The speech was delivered at the end of the Mass of Thanksgiving celebrated the following morning. Luciani pledged his pontificate to the teachings of the Second Vatican Council. He placed a high value on collegiality, the sharing of power with his bishops. He declared that he intended to bring back into force the great discipline of the Church and to this end he gave high priority to the revision of the two codes of Canon
Law. Union with other denominations would be pursued without compromise to the Church’s teachings but equally without hesitation.

The central thrust of the speech revealed that this man who described himself in Venice as ‘a poor man accustomed to small things, and silence’ had a dream: a revolutionary dream. He gave notice of his intention to pursue the pastoralization of the entire Church, indeed of the entire world.

 

The world awaits this today; it knows well that the sublime perfection it has attained by research and technology has already reached a peak, beyond which yawns the abyss, blinding the eyes with darkness. It is the temptation of substituting for God one’s own decisions, decisions that would prescind from moral laws. The danger for modern man is that he would reduce the earth to a desert, the person to an automaton, brotherly love to planned collectivization, often introducing death where God wishes life.

 

With the text of
Lumen gentium
(the Light of Nations), Vatican Council’s Dogmatic Constitution of the Church, in his hand, Albino Luciani gave notice that he intended to put the Church back where it belonged: back to the world and the words of Christ; back to the simplicity and honesty of its origins. If Christ returned to earth, Luciani wanted him to find a Church he would recognize – one free of political interests, free of the big business mentality which had corroded the original vision.

At noon the new Pope appeared on the central balcony of the Basilica. The square below was packed tight with some 200,000 people. Millions more around the world watched on television as Luciani’s smile broadened in response to the thunderous applause. He had come out to say the Angelus but before giving the mid-day prayer he had decided to give his listeners a glimpse into the secret Conclave. When the applause and cheering had died down he promptly broke two Papal rules, the paranoiac secrecy that Paul had sternly insisted upon concerning the Conclave, and the use of the majestic ‘we’ that for nearly two thousand years had demonstrated Papal aspirations to territory. He smiled at the crowd and then began.

‘Yesterday,’ the word was followed by an almost imperceptible shrug of the shoulders, as if to say, ‘a funny thing happened to me on my way to the Conclave.’ The crowd roared with laughter. Luciani joined in the merriment, then began again.

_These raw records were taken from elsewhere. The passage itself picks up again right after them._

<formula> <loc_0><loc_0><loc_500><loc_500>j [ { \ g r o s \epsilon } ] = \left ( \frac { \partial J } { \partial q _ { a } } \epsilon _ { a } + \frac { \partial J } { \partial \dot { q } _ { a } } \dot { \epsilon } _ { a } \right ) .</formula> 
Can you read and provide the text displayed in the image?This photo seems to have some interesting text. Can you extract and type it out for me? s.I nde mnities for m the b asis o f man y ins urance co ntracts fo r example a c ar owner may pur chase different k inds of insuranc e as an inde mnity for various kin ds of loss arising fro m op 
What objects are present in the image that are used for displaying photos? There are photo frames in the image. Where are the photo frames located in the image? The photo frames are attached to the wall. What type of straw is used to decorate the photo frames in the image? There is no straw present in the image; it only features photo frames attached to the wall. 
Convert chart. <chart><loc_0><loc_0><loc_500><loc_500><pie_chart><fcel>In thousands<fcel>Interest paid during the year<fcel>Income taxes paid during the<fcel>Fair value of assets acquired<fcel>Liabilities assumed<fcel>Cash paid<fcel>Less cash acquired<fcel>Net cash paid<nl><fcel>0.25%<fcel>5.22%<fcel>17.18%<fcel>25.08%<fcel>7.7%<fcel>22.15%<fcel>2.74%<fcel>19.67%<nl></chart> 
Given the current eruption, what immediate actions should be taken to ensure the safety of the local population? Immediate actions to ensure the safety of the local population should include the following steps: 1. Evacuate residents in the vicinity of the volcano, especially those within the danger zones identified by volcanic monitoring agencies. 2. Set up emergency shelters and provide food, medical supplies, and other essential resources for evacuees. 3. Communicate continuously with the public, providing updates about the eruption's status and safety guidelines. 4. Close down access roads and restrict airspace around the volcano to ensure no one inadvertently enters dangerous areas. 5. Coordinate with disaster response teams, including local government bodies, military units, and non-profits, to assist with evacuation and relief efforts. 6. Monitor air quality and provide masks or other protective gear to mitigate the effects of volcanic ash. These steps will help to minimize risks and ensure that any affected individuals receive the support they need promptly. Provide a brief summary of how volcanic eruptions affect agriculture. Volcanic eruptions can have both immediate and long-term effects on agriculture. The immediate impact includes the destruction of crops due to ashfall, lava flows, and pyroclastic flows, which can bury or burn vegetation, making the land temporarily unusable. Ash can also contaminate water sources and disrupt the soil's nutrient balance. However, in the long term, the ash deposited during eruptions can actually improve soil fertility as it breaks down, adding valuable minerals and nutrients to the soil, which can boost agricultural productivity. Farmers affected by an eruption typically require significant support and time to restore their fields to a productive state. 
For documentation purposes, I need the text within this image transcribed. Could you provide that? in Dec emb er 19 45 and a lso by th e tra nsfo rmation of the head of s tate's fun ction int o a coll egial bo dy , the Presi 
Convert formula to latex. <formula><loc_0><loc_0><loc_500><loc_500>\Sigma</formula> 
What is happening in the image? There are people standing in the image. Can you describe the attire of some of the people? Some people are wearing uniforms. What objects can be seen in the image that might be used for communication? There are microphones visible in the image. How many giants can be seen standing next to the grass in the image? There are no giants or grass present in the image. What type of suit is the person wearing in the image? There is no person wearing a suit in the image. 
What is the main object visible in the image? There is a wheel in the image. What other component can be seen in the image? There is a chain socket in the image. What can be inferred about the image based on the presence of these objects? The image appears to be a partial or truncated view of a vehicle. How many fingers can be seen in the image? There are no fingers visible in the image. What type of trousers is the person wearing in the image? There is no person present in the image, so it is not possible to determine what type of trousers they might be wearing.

‘Yesterday morning I went to the Sistine Chapel to vote peacefully.
Never could I have imagined what was about to take place. As soon as it began to be a danger for me, two of my colleagues who were sitting near me whispered words of encouragement.’ Simply and without trace of pomposity he recalled the words of Willebrands and Ribeno. He told the crowd why he had chosen his particular name.

 

My thoughts were like this. Pope John had wanted to consecrate me with his own hands here in the Basilica of St Peter’s. Then, though unworthy, I succeeded him in the Cathedral of St Mark, in that Venice which is still filled with the spirit of Pope John. The gondoliers remember him, the sisters, everyone. On the other hand Pope Paul not only made me a cardinal, but some months before that, on the wide footbridge in St Mark’s Square, he made me blush to the roots of my hair in front of twenty thousand people, because he took off his stole and placed it on my shoulders. I was never so red-faced. Furthermore, in the fifteen years of his pontificate, this Pope showed not only me but the whole world how he loved the Church, how he served it, worked for it, and suffered for this Church of Christ. And so I took the name John Paul.